Nos despertamos en un lugar tranquilo (como siempre, mi papi elige los mejores spots para dormir) y no tardamos en ponernos en marcha hacia el castillo de Bran, también conocido como el castillo de Drácula. Aunque os digo una cosa, no vi ni un colmillo afilado ni capas negras volando por ahí... ¡menuda decepción!
El trayecto fue cortito, menos mal, porque a mí eso de ir en coche no me hace ninguna gracia. ¿A quién le gusta estar ahí sentado, botando con cada curva? A mí no, desde luego. Pero bueno, un viaje corto siempre es más llevadero porque paso menos estrés. ¡Eso se agradece!
Cuando llegamos, el ambiente era una mezcla de mercadillo medieval y feria de pueblo: montones de puestos de comida, souvenirs de Drácula por todas partes y un montón de tiendecitas para turistas. A pesar de ser temporada baja, bastantes turistas rondaban por ahí, pero nada que ver con la estampida que debe formarse en temporada alta. De verdad, ¡esto en pleno verano tiene que ser tremendo!
Al principio mi papi y mi títo Joan no querían entrar al castillo porque habían leído que costaba un pastizal, casi 20 euros por persona. Al ver que la entrada no era tan cara (aunque seguía siendo un mordisco al bolsillo) cambiaron de opinión.
Aquí viene el drama: ¡yo no podía entrar! Parece que eso de ser un perro viajero no abre todas las puertas. Así que mi papi me llevó de vuelta al camper, donde me quedé como guardián oficial mientras ellos exploraban el castillo.

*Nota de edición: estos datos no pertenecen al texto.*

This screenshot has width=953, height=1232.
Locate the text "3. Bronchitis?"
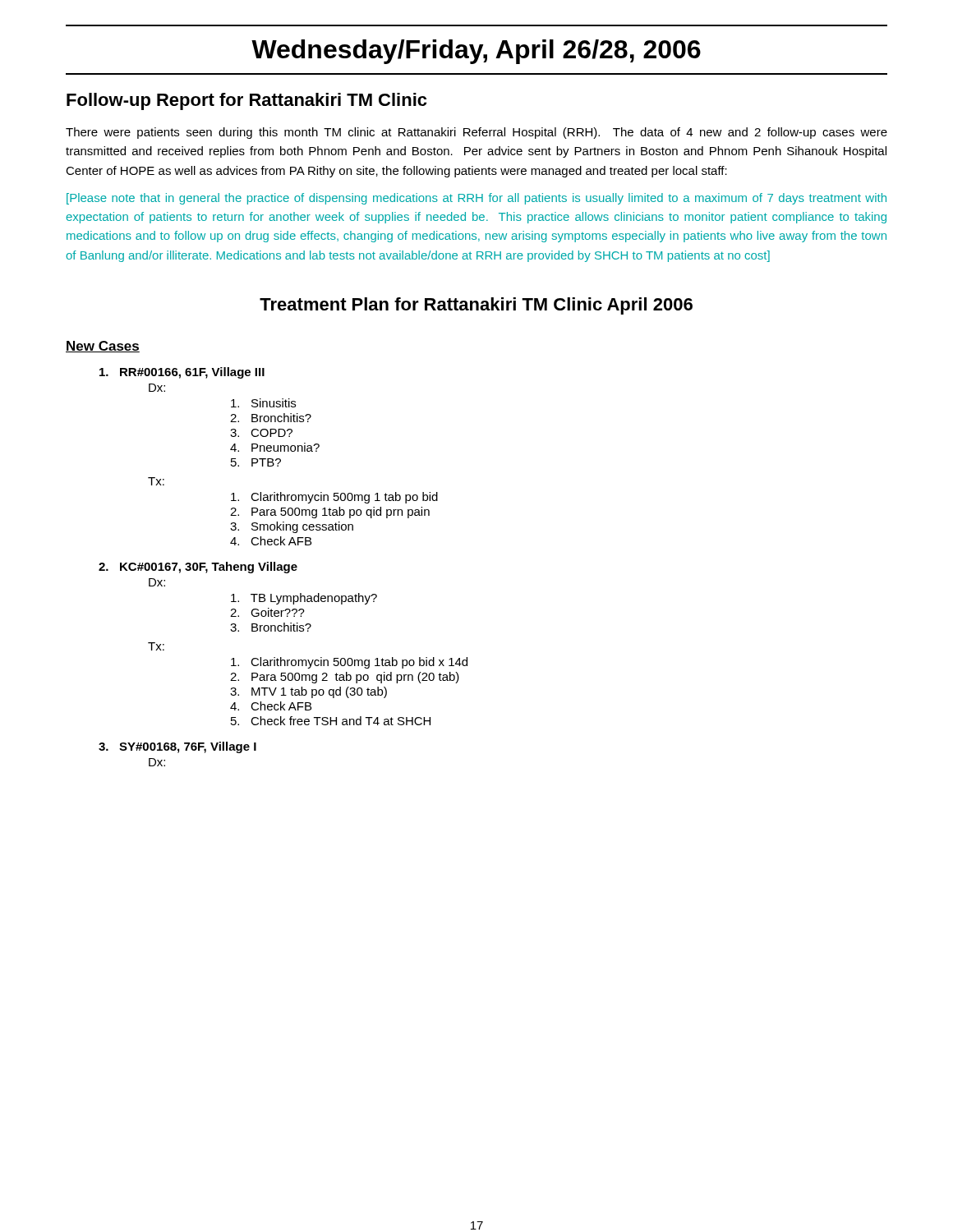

Según ellos, el sitio es más un parque temático que un monumento histórico, pero lo pasaron bien haciendo fotos por todos lados, tanto por dentro como en el jardín.
Después de almorzar en la cámper, en un claro en el bosque con troncos cubiertos de nieve, nos pusimos en en marcha para avanzar hacia Bucarest.
Y ahí empezó la pesadilla: obras y más obras. El viaje por carretera no avanzaba, ¡creo que vi una tortuga adelantándonos! Pronto se hiciera de noche, así que mi papi decidió cambiar de plan y buscamos un lugar para dormir no tan lejos. Nos desviamos por un camino de tierra que subía y subía, como si buscáramos el mismísimo castillo de los dioses. Después de unos 7 kilómetros llegamos a un lugar de película: vistas al valle, protegido del viento, y una paz que ni Drácula en sus mejores noches de descanso.
Eso sí, hacía un frío que se colaba hasta en mi pelaje. Así que tocó retirada estratégica a la cámper. La noche terminó con mantita, peli y muchos sueños... porque mañana, ¡más aventuras nos esperan! ¿A que este viaje tiene de todo?